Required work:
Look for the word "meters" in the entries and copy every line where it shows up.

Source data:
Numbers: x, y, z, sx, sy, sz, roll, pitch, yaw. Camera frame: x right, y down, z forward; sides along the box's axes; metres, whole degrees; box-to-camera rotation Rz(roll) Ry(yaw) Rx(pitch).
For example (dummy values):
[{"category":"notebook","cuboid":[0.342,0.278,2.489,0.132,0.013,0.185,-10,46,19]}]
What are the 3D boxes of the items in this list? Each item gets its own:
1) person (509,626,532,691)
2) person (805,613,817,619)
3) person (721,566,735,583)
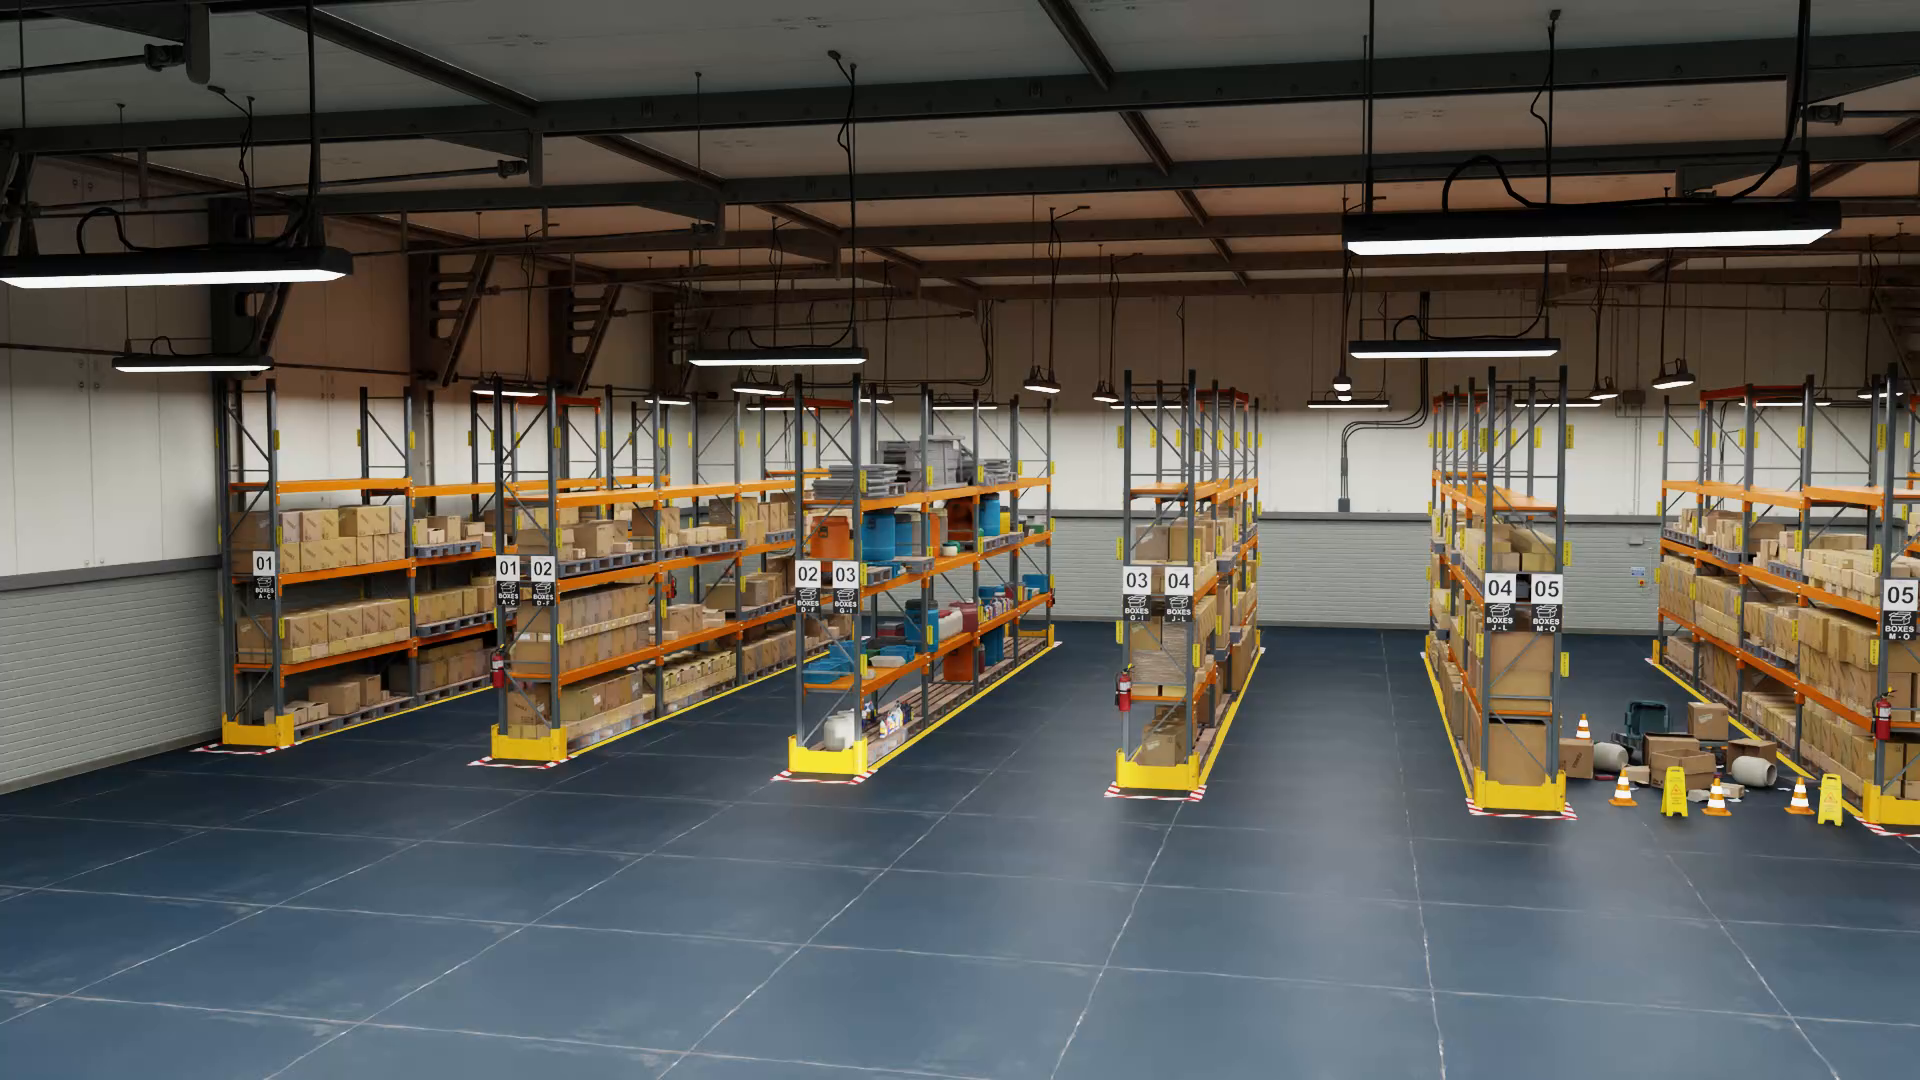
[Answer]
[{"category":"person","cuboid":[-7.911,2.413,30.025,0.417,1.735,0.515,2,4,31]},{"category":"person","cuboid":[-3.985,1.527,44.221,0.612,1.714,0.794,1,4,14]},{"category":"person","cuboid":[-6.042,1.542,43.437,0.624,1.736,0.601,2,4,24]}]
==
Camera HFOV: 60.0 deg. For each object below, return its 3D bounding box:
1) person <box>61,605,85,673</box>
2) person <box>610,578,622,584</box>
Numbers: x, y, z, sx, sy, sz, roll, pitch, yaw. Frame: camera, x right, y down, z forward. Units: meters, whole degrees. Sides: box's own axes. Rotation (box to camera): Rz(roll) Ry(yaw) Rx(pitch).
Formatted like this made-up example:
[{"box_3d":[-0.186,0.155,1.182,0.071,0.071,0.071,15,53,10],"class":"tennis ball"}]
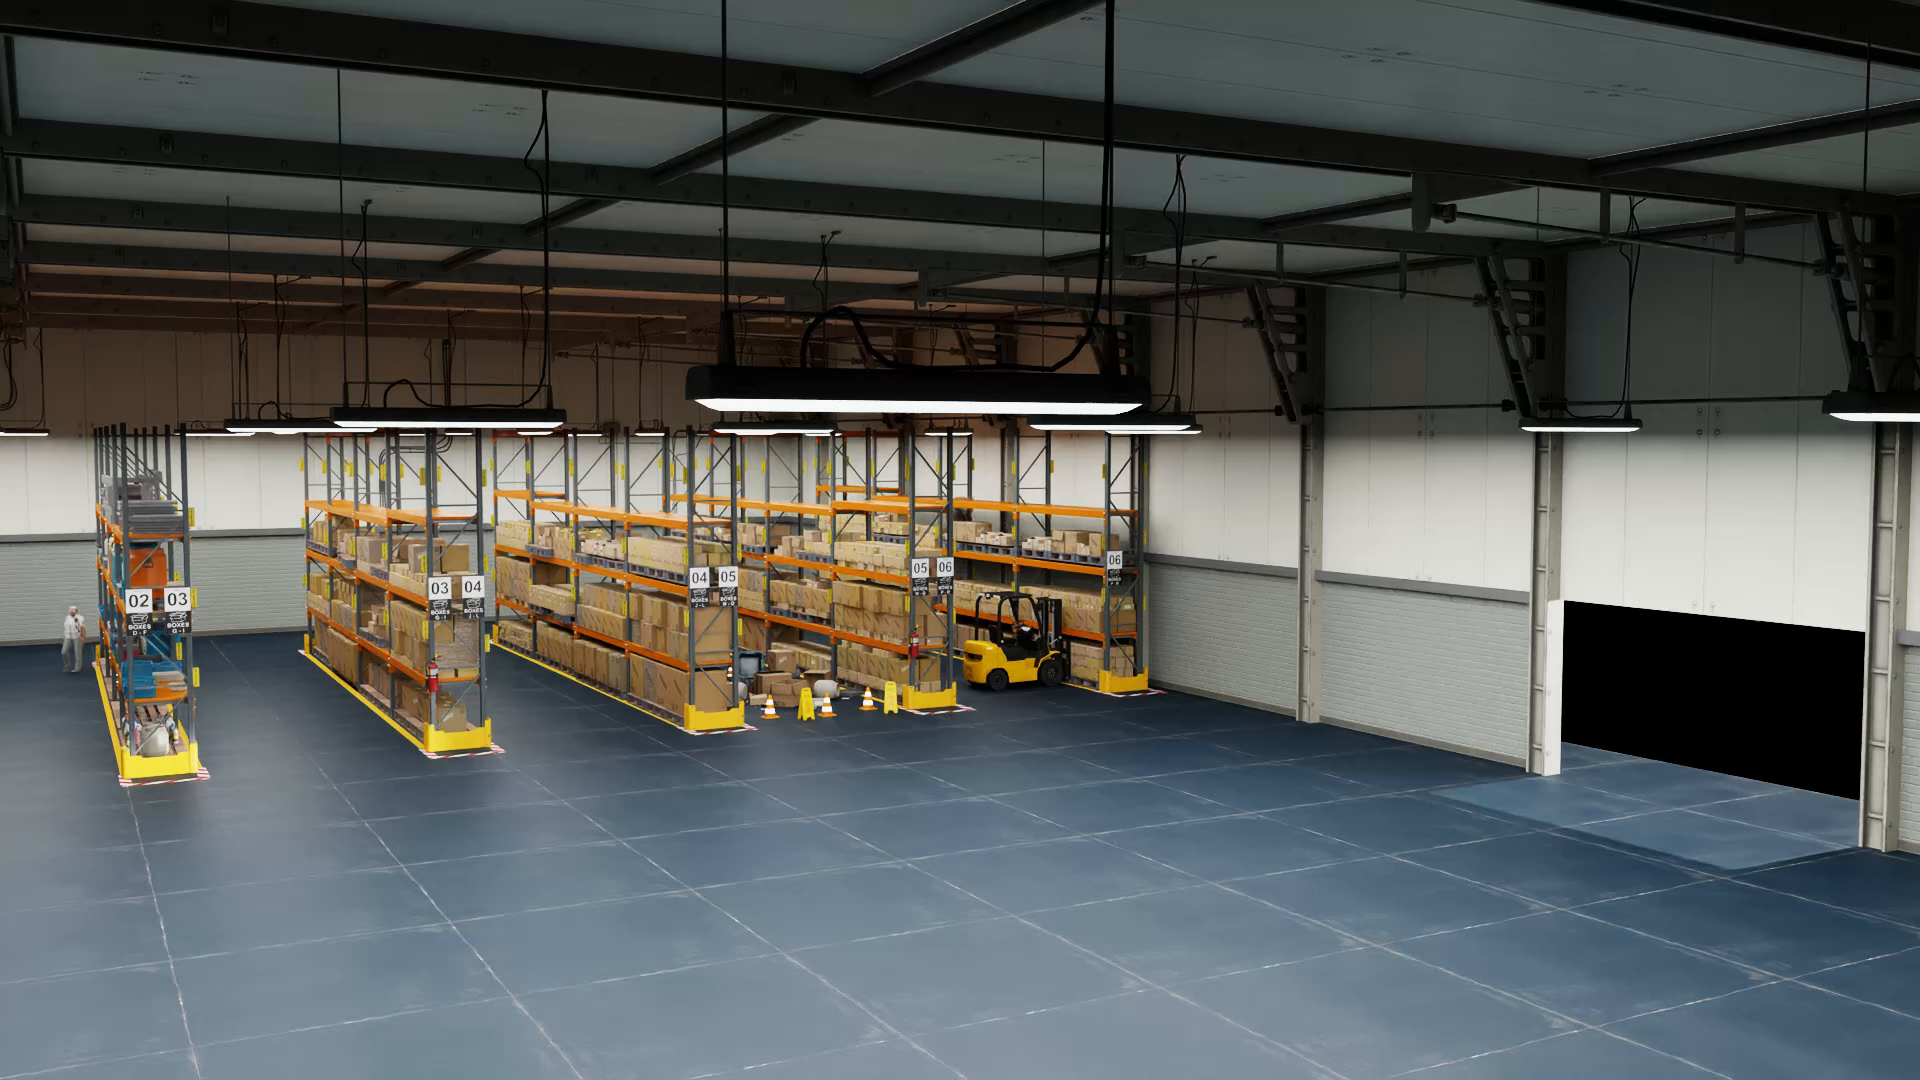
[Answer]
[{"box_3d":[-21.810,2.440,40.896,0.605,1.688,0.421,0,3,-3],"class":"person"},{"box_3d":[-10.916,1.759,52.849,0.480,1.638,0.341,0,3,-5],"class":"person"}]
==
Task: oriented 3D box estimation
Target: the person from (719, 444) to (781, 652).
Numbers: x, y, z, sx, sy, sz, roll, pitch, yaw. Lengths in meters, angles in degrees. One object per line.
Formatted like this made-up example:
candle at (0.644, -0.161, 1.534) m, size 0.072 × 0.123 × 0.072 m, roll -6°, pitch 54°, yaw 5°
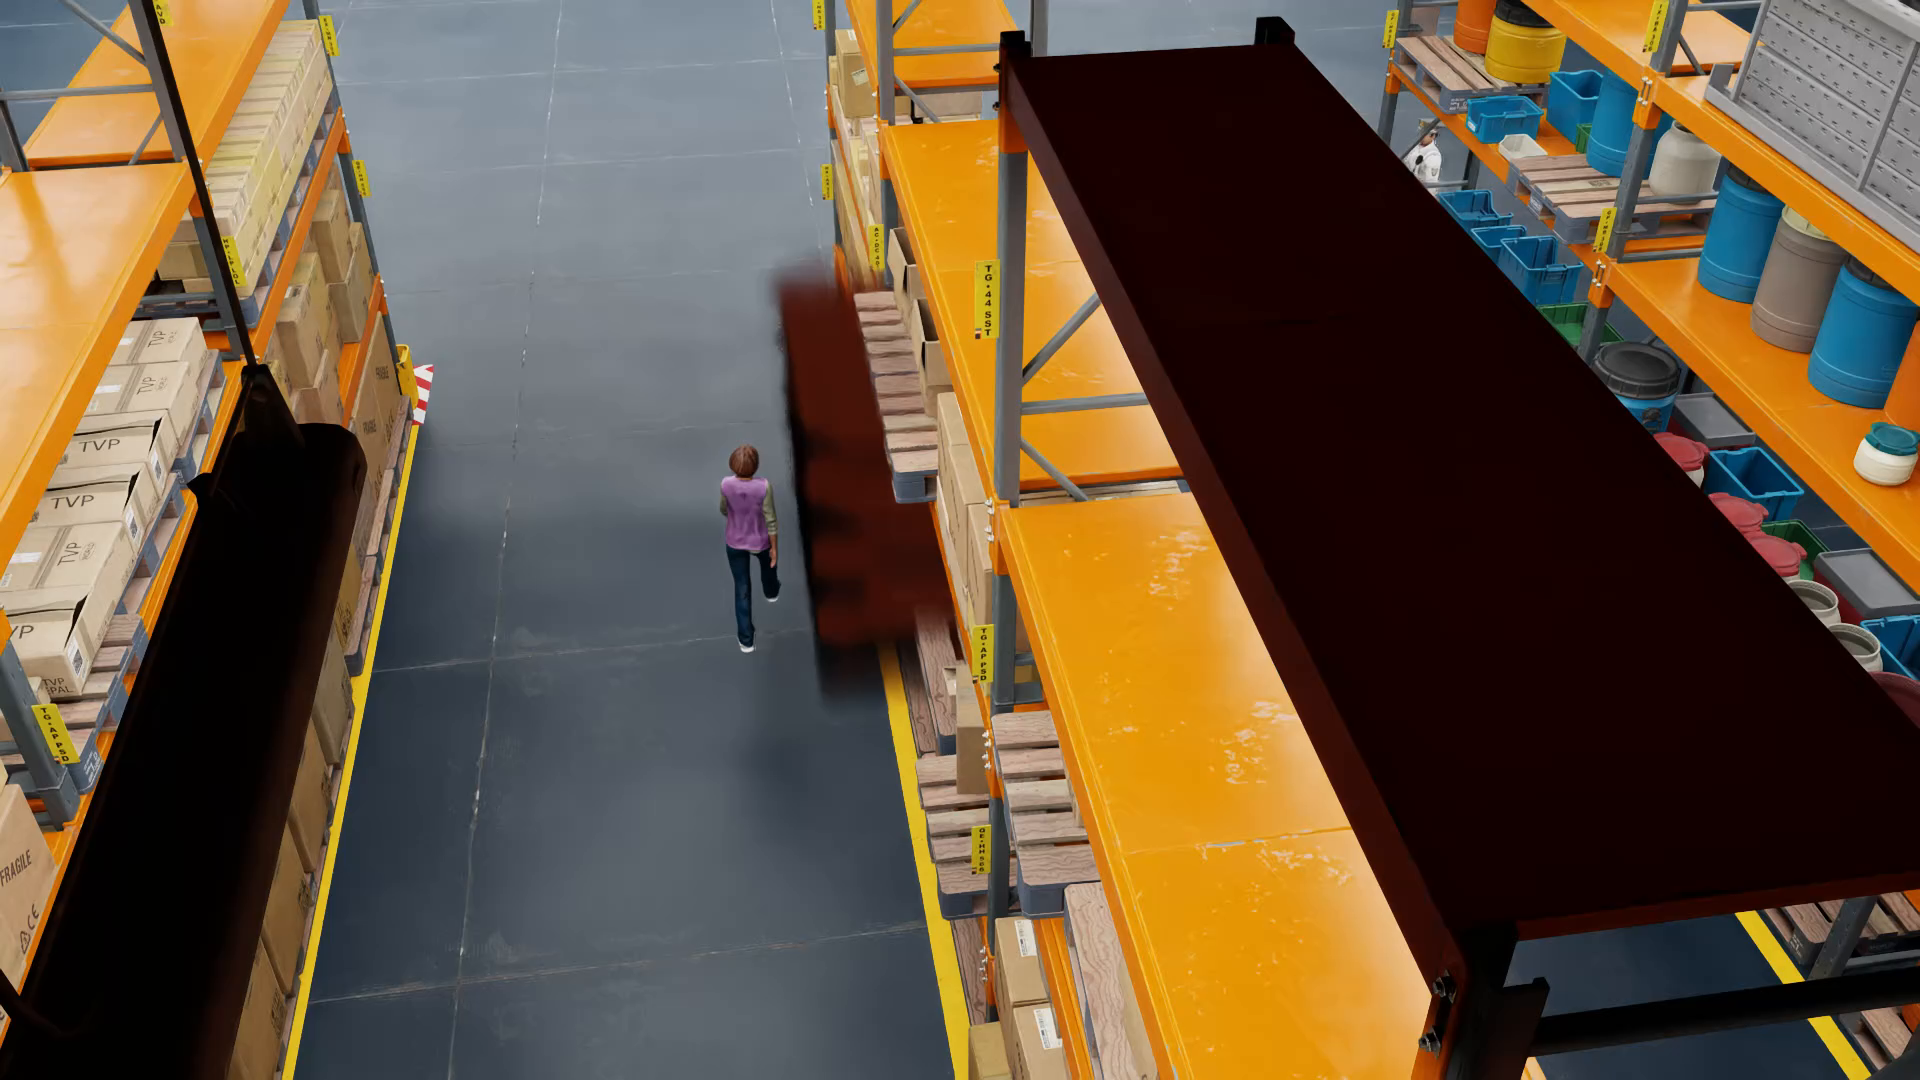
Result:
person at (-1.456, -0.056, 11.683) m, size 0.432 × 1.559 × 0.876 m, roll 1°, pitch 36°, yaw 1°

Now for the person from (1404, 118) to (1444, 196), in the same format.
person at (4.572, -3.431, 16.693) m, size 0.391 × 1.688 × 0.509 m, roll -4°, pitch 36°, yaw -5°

Your response:
Numbers: x, y, z, sx, sy, sz, roll, pitch, yaw. Frame: camera, x right, y down, z forward. Units: meters, whole degrees. Sides: box's own axes. Rotation (box to camera): Rz(roll) Ry(yaw) Rx(pitch).
Numbers: x, y, z, sx, sy, sz, roll, pitch, yaw. Lengths in meters, angles in degrees. One object per line.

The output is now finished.